Floating closed containment systems also exist, which use the surrounding ocean water while fish are walled inside a facility. Cermaq plans to bring such a system to B.C., according to the DFO’s recent aquaculture report. The study also notes that land-based closed containment is not without environmental and social considerations.
“Depending on how land-based RAS is developed, local direct and indirect economic opportunities may be lost so coastal communities will raise concerns,” states the report. “There has been some local opposition to the recent large proposed facilities in the U.S. on the basis of water resource concerns or potential noise issues.”
Currently Cermaq and other aquaculture companies rely on land-based systems to raise their Atlantic salmon for the first year and a half, before the fish are transferred to the ocean. In its response to DFO’s aquaculture report, the BC Salmon Farmers Association said that closed containment on land will be part of the industry’s future “alongside ocean-based farming.”
“[The report] highlights that land-based recirculating aquaculture system technology requires the use of large amounts of land, water and power, and thus has a significant environmental footprint,” said Executive Director John Paul Fraser in a statement issued by the BC Salmon Farmers Association in February. “It also notes the technology has not been proven on a commercial scale, and needs to overcome challenges with fish quality, fish health, broodstock development and environmental impacts before being viable.”
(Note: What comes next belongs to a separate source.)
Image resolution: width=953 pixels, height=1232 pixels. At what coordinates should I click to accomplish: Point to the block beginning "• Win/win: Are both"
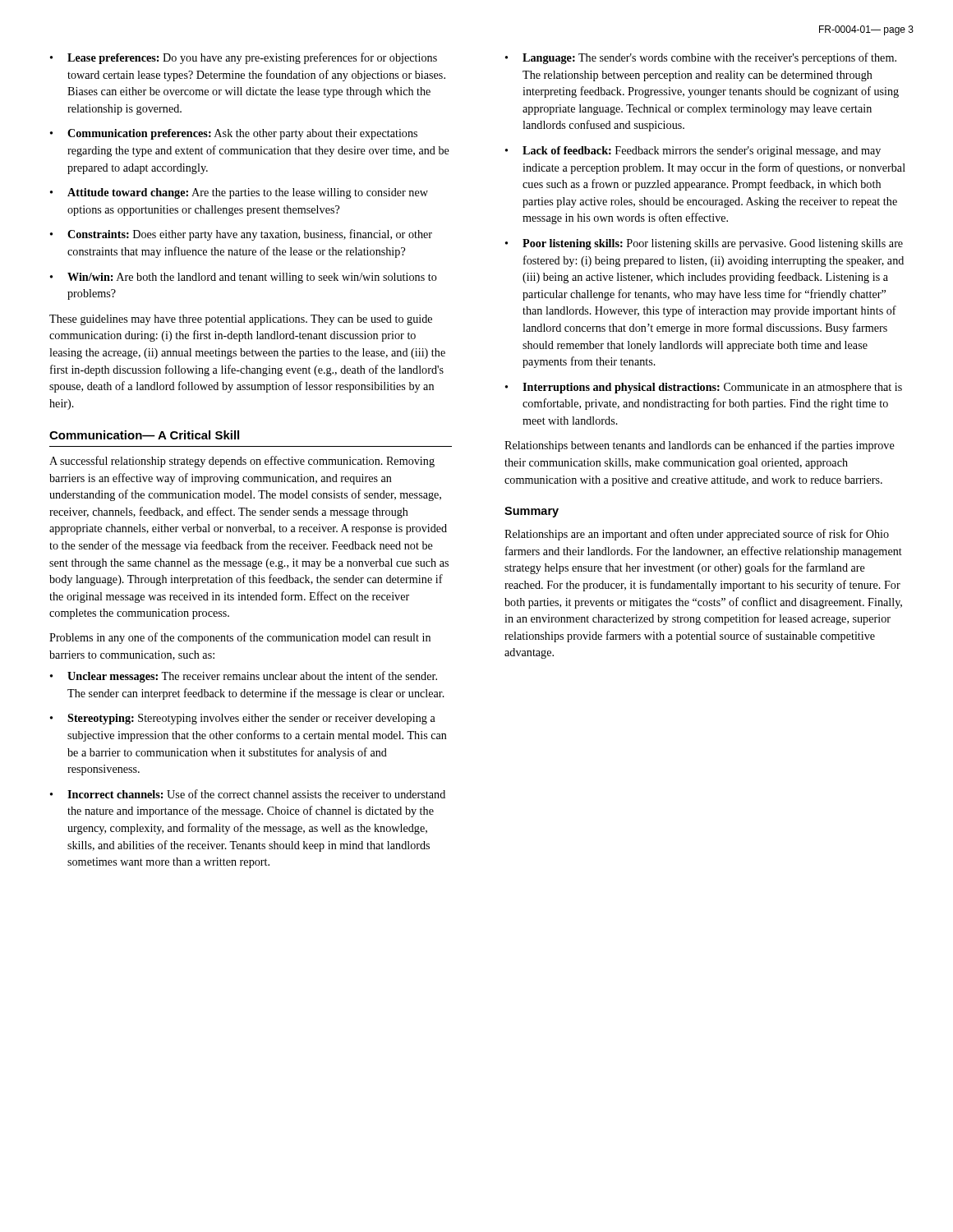(x=251, y=285)
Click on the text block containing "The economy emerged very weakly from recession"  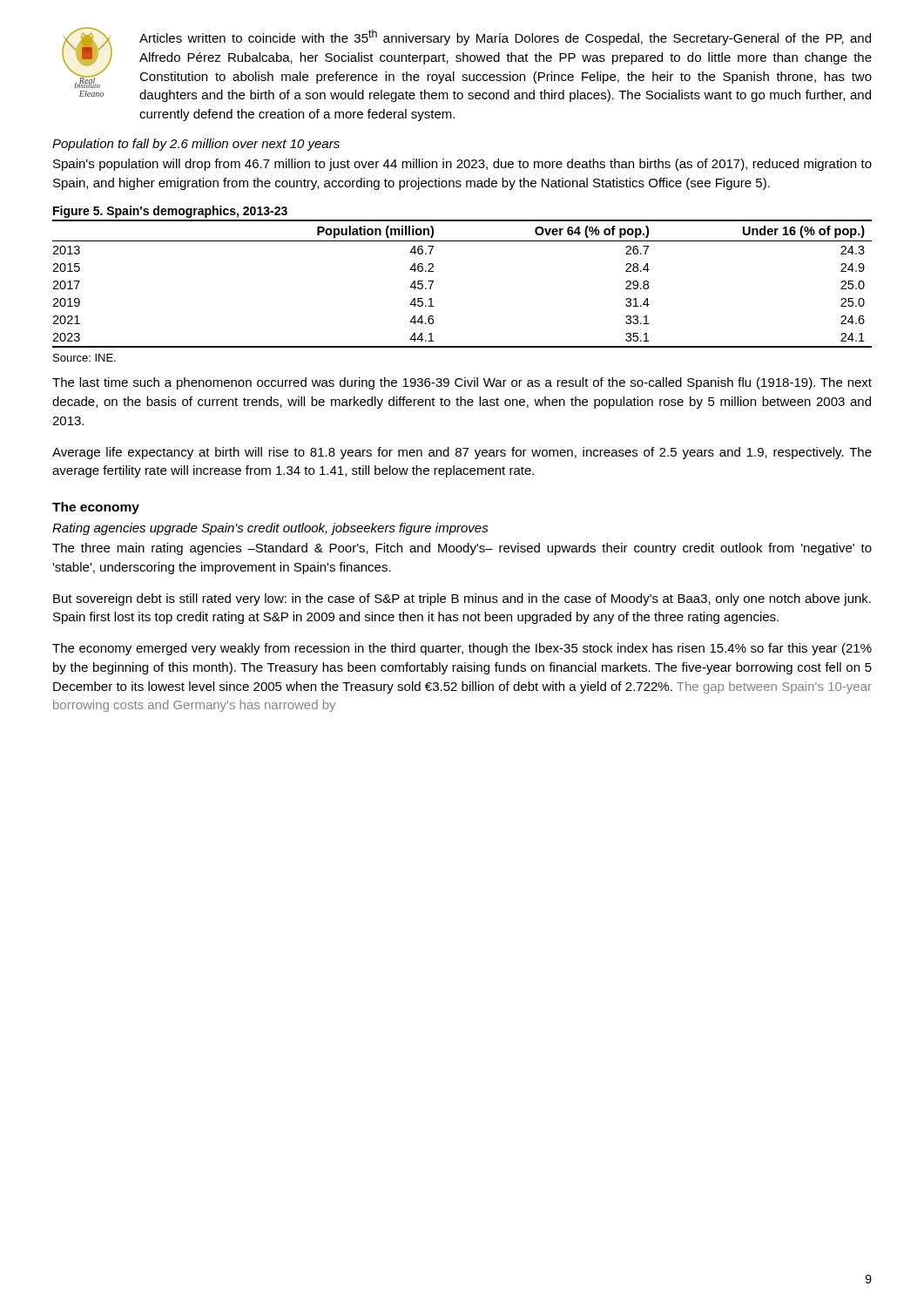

Moving farms out of the water could result in lost employment for remote coastal communities, but Wristen emphasized that Vancouver Island poses attractive locations for land-based facilities.
“Don’t be told that the salmon farms are going to go away. There are people looking right now for land to start one here on the island,” she told the Council of Ha’wiih. “What has been proved by the ‘Namgis Kuterra experiment is that when you’re growing salmon in closed containment you want brackish water, not fresh water. So in fact what you need is a location somewhere close to the ocean, so that you can get clean ocean water to grow your fish.”
As part of a partnership with Cermaq, the Ahousaht First Nation has dozens of its members employed in fish farming. During the recent fisheries forum Ahousaht representative Kiista acknowledged the ongoing concerns about the industry, but said the agreement is maintained for the benefit of the First Nation’s people.
“We do have people that do work in that industry, what are we going to do if we shut them down? How are we going to compensate those people that are working?” he asked. “T’aaq-wiihak, I’ve got to be honest, they’re not giving us a fair living, they’re not. So what else are we going to fall back on? We have to have some way of compensating our people to have a fair living.”
“We respect things that you have to say against aquaculture, we ask that you respect us for our agreement,” continued Kiista. “It’s not a perfect agreement, we have our tussles - but yet it’s not for us personally, it’s for our people.”